Я до сих пор не знаю, сколько времени ей понадобилось, чтобы найти меня, но к тому времени, когда она это сделала, я настолько замерзла, что не могла разжать губы, чтобы позвать на помощь. Но это не имело значения. Она взяла с собой куртку и фонарик и сразу же увидела меня. Мои белые кроссовки были покрыты грязью и зелеными брызгами.
– О боже, Энн! – Подойдя ближе, Рейчел накинула куртку мне на плечи и обняла за талию. – Ты можешь стоять?
Оказалось, что могу, хотя и неустойчиво. Куртка была теплой, но вернее всего меня согревал жар тела Рейчел, исходивший от нее, пока она вела меня обратно к тропинке.

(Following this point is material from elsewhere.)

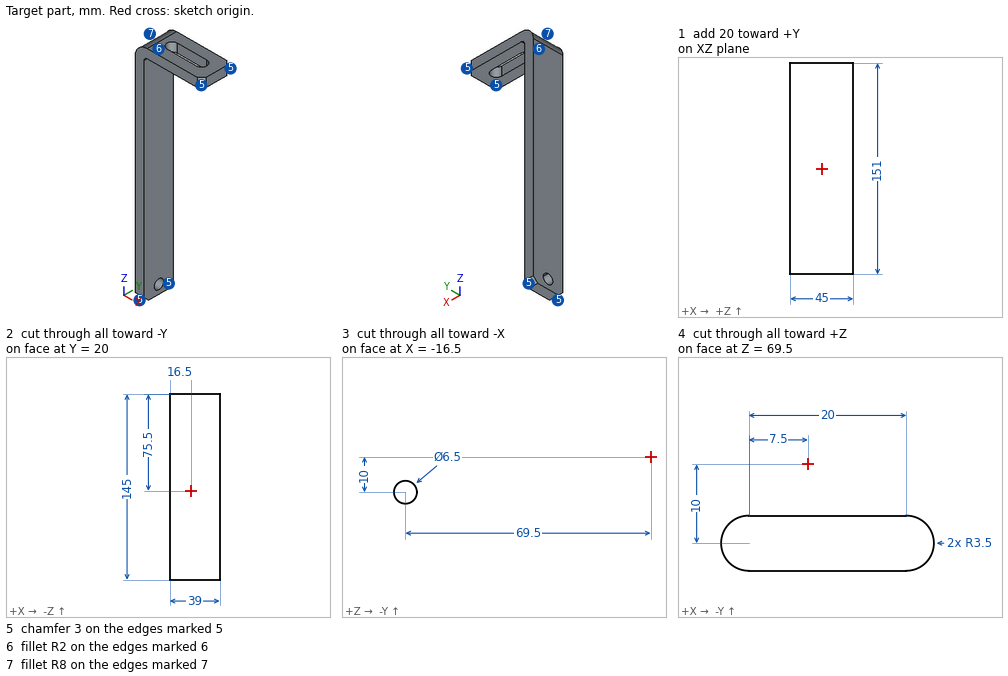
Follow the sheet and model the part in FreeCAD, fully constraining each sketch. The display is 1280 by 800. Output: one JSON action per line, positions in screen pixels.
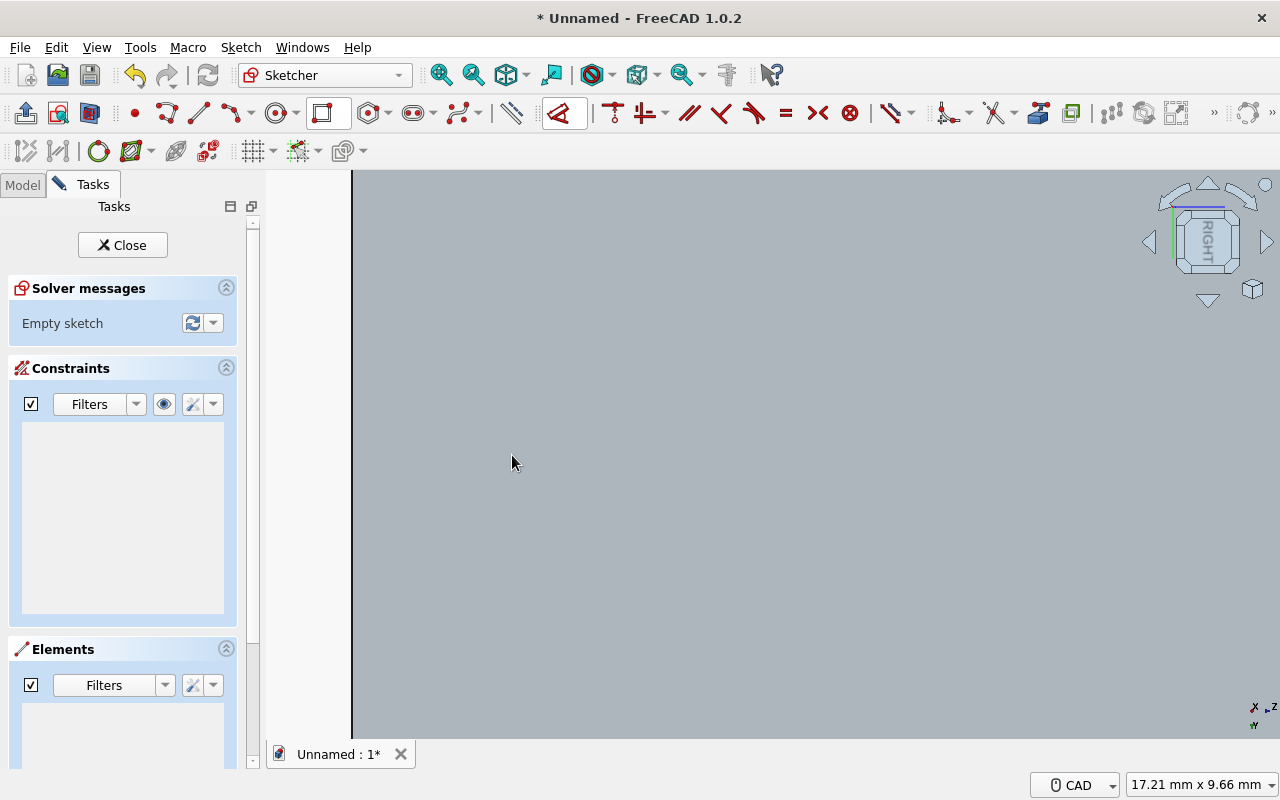
{"action": "left_click", "coordinate": [276, 114]}

Через несколько минут я уже смогла шагать более уверенно – когда она держалась рядом со мной.
– Всё в порядке, – повторяла она, пока мы шли по дорожке, подсвеченной ее фонариком. – Вот тропа. Ты можешь мне доверять.
Даже когда мне стало лучше – достаточно тепло, достаточно хорошо, чтобы идти самостоятельно, – я не хотела отпускать ее. Как будто она сама была призраком, который может исчезнуть, если наши тела перестанут соприкасаться. Но потом, примерно минут через тридцать, я увидела огни дома, отделку веранды. И, что самое важное, увидела разницу между тем, что было реальным – мы, карта, дом, – и тем, что реальным не было: мои воспоминания о тенях той ночи, а может быть, и все воспоминания предыдущих ночей.
* * *
– Мне нужно тебе кое-что показать, – сказала я. Я вытирала полотенцем волосы после того, как провела, похоже, целый час в душе, смывая грязь и песок с рук и коленей.
Пока я была в ванной, Рейчел сидела на кровати в моей комнате, разведя огонь в камине. Было уже далеко за полночь, и единственным звуком в доме было шипение смолы на поленьях, которые жадно лизало пламя.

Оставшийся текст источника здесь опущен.